■ **Requirement**:
Pictures are to be left out, and the rest of the records reproduced exactly.

■ **Provided information**:
====
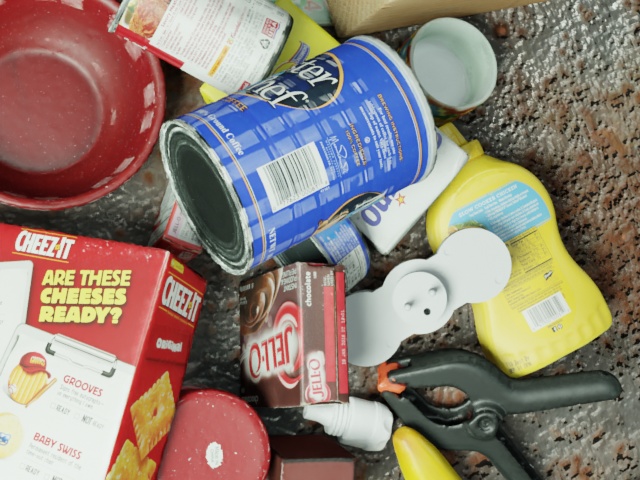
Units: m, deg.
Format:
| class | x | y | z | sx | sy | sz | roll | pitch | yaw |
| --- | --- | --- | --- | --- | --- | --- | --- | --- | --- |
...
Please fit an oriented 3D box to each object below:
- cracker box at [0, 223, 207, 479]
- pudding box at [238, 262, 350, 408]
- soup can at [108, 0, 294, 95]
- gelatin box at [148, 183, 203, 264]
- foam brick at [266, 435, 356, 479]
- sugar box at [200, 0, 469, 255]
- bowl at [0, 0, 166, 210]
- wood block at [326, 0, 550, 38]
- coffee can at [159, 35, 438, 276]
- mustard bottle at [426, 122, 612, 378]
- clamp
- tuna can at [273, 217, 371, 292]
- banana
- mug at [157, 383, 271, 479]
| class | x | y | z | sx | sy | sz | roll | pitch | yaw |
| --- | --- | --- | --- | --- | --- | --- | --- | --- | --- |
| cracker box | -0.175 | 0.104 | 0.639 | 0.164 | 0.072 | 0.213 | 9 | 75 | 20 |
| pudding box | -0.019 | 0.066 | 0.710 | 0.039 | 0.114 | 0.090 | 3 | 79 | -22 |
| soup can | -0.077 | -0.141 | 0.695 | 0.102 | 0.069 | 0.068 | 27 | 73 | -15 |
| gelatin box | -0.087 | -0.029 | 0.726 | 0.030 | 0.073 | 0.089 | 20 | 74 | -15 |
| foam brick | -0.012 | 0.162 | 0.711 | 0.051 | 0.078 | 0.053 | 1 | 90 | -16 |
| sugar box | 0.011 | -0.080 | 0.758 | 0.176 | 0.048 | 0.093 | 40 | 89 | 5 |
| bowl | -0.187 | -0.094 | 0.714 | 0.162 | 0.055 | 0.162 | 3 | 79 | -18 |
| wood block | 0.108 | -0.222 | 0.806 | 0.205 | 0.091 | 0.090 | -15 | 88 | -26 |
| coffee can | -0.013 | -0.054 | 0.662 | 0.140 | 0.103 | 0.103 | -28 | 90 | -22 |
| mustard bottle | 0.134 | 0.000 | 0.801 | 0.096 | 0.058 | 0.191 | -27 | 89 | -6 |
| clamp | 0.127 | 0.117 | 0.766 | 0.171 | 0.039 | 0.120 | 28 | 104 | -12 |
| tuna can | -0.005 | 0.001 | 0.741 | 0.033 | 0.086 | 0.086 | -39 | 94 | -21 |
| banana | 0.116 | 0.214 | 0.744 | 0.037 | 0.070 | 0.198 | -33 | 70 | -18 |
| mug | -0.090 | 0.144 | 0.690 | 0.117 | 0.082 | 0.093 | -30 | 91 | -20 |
====
■ **Response below**:
Units: m, deg.
Format:
| class | x | y | z | sx | sy | sz | roll | pitch | yaw |
| --- | --- | --- | --- | --- | --- | --- | --- | --- | --- |
...
Please fit an oriented 3D box to each object below:
- cracker box at [0, 223, 207, 479]
- pudding box at [238, 262, 350, 408]
- soup can at [108, 0, 294, 95]
- gelatin box at [148, 183, 203, 264]
- foam brick at [266, 435, 356, 479]
- sugar box at [200, 0, 469, 255]
- bowl at [0, 0, 166, 210]
- wood block at [326, 0, 550, 38]
- coffee can at [159, 35, 438, 276]
- mustard bottle at [426, 122, 612, 378]
- clamp
- tuna can at [273, 217, 371, 292]
- banana
- mug at [157, 383, 271, 479]
| class | x | y | z | sx | sy | sz | roll | pitch | yaw |
| --- | --- | --- | --- | --- | --- | --- | --- | --- | --- |
| cracker box | -0.175 | 0.104 | 0.639 | 0.164 | 0.072 | 0.213 | 9 | 75 | 20 |
| pudding box | -0.019 | 0.066 | 0.710 | 0.039 | 0.114 | 0.090 | 3 | 79 | -22 |
| soup can | -0.077 | -0.141 | 0.695 | 0.102 | 0.069 | 0.068 | 27 | 73 | -15 |
| gelatin box | -0.087 | -0.029 | 0.726 | 0.030 | 0.073 | 0.089 | 20 | 74 | -15 |
| foam brick | -0.012 | 0.162 | 0.711 | 0.051 | 0.078 | 0.053 | 1 | 90 | -16 |
| sugar box | 0.011 | -0.080 | 0.758 | 0.176 | 0.048 | 0.093 | 40 | 89 | 5 |
| bowl | -0.187 | -0.094 | 0.714 | 0.162 | 0.055 | 0.162 | 3 | 79 | -18 |
| wood block | 0.108 | -0.222 | 0.806 | 0.205 | 0.091 | 0.090 | -15 | 88 | -26 |
| coffee can | -0.013 | -0.054 | 0.662 | 0.140 | 0.103 | 0.103 | -28 | 90 | -22 |
| mustard bottle | 0.134 | 0.000 | 0.801 | 0.096 | 0.058 | 0.191 | -27 | 89 | -6 |
| clamp | 0.127 | 0.117 | 0.766 | 0.171 | 0.039 | 0.120 | 28 | 104 | -12 |
| tuna can | -0.005 | 0.001 | 0.741 | 0.033 | 0.086 | 0.086 | -39 | 94 | -21 |
| banana | 0.116 | 0.214 | 0.744 | 0.037 | 0.070 | 0.198 | -33 | 70 | -18 |
| mug | -0.090 | 0.144 | 0.690 | 0.117 | 0.082 | 0.093 | -30 | 91 | -20 |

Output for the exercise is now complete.